Investors and iPhone aficionados have long been enthused by rumors of an Apple electric vehicle initiative.

The Cupertino-mobile is still a fiction almost ten years after information about the project first surfaced, but it hasn’t stopped other consumer electronics businesses from moving forward. Soon, customers on the opposite side of the globe will be able to order a car from the Taiwanese business that mastered producing Apple products in China. Welcome to the Foxconn-mobile era.

Hon Hai Technology Group, also known as Foxconn worldwide, announced intentions to construct three of its own electric cars in cooperation with Taiwanese automaker Yulon under the brand name Foxtron in October 2021. Foxconn, which is best known for producing 70% of iPhones, has similar goals for the auto industry, including being the go-to producer for an entirely new class of vehicle. As of now, it has agreements in place to produce vehicles for Lordstown Motors and Fisker, two US-based EV companies.

Although the hatchback, sedan, and bus produced by Foxconn don’t particularly exude Apple cool, they mark a significant advancement for the maker of consumer electronics. The ambitious expansion plan by Foxconn is also a reflection of a larger shift in technology and location in the automotive industry. For the past 100 years, the US, Europe, and Japan have established what a car is. Now that the automobile is evolving due to growing electrification, computerization, and autonomy, China may have a greater say in what cars are made.

If Foxconn is successful in establishing a sizable vehicle manufacturing enterprise, China will become an automotive epicenter that can rival the established automotive powerhouses of the US, Germany, Japan, and South Korea. When contacted for an interview, Foxconn did not answer.

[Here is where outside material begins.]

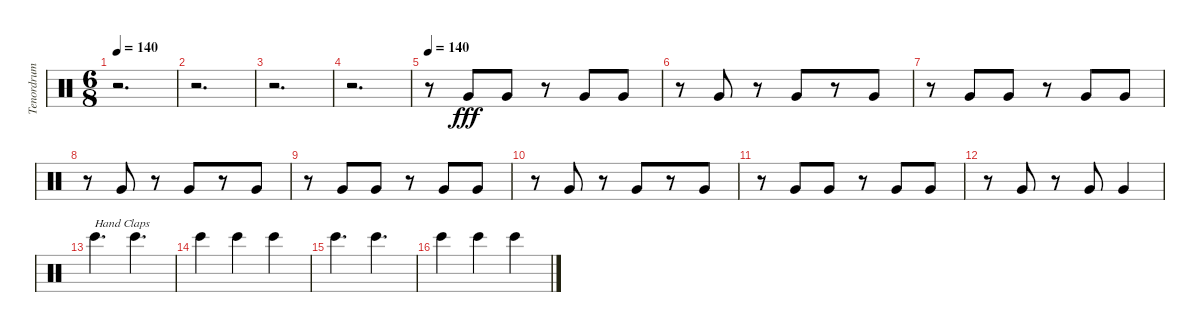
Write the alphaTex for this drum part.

In the upcoming years, the vehicle industry is anticipated to go through significant changes. According to a McKinsey report released in October 2020, automakers will come up with innovative ways to sell cars and generate income through subscription services. The future automobile resembles a smartphone on wheels in several respects.

In part because of this, argues Marc Sachon, a professor at Barcelona’s IESE Business School and an expert on the automotive sector, there has never been a better time for an electronics giant to try their hand at building automobiles. Electric car powertrains are easier to assemble and have fewer parts than internal combustion vehicle powertrains. The conventional supply network, which is one of the key strengths of well-known automakers, is more difficult to manage than the EV supply chain. The fabrication of components as well as the development of batteries and software all take place in China, according to Sachon.

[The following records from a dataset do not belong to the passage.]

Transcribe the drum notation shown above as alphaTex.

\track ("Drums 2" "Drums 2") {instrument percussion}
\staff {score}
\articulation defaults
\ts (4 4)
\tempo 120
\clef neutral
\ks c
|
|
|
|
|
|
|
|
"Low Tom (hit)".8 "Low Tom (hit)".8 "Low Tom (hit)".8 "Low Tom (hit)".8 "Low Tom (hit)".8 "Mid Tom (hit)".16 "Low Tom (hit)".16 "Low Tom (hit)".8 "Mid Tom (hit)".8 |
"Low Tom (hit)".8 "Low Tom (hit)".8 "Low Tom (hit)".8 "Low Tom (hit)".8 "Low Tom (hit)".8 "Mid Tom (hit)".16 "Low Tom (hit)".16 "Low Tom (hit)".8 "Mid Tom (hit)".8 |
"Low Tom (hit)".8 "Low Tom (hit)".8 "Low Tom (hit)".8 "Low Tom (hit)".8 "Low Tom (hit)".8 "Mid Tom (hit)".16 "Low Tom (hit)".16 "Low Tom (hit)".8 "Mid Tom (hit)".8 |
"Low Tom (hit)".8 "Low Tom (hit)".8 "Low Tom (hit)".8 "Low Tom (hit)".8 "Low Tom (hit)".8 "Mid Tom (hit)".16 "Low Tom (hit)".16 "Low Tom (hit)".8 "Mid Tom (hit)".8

China is ideally situated to take the lead in the electrification effort. The nation already boasts some of the most cutting-edge battery producers in the world, including CATL and BYD, the latter of which also makes automobiles. Simply by virtue of proximity, car manufacturers in the area may have an advantage in understanding and utilizing new battery technology, much as how software companies profit from being close to chip design companies.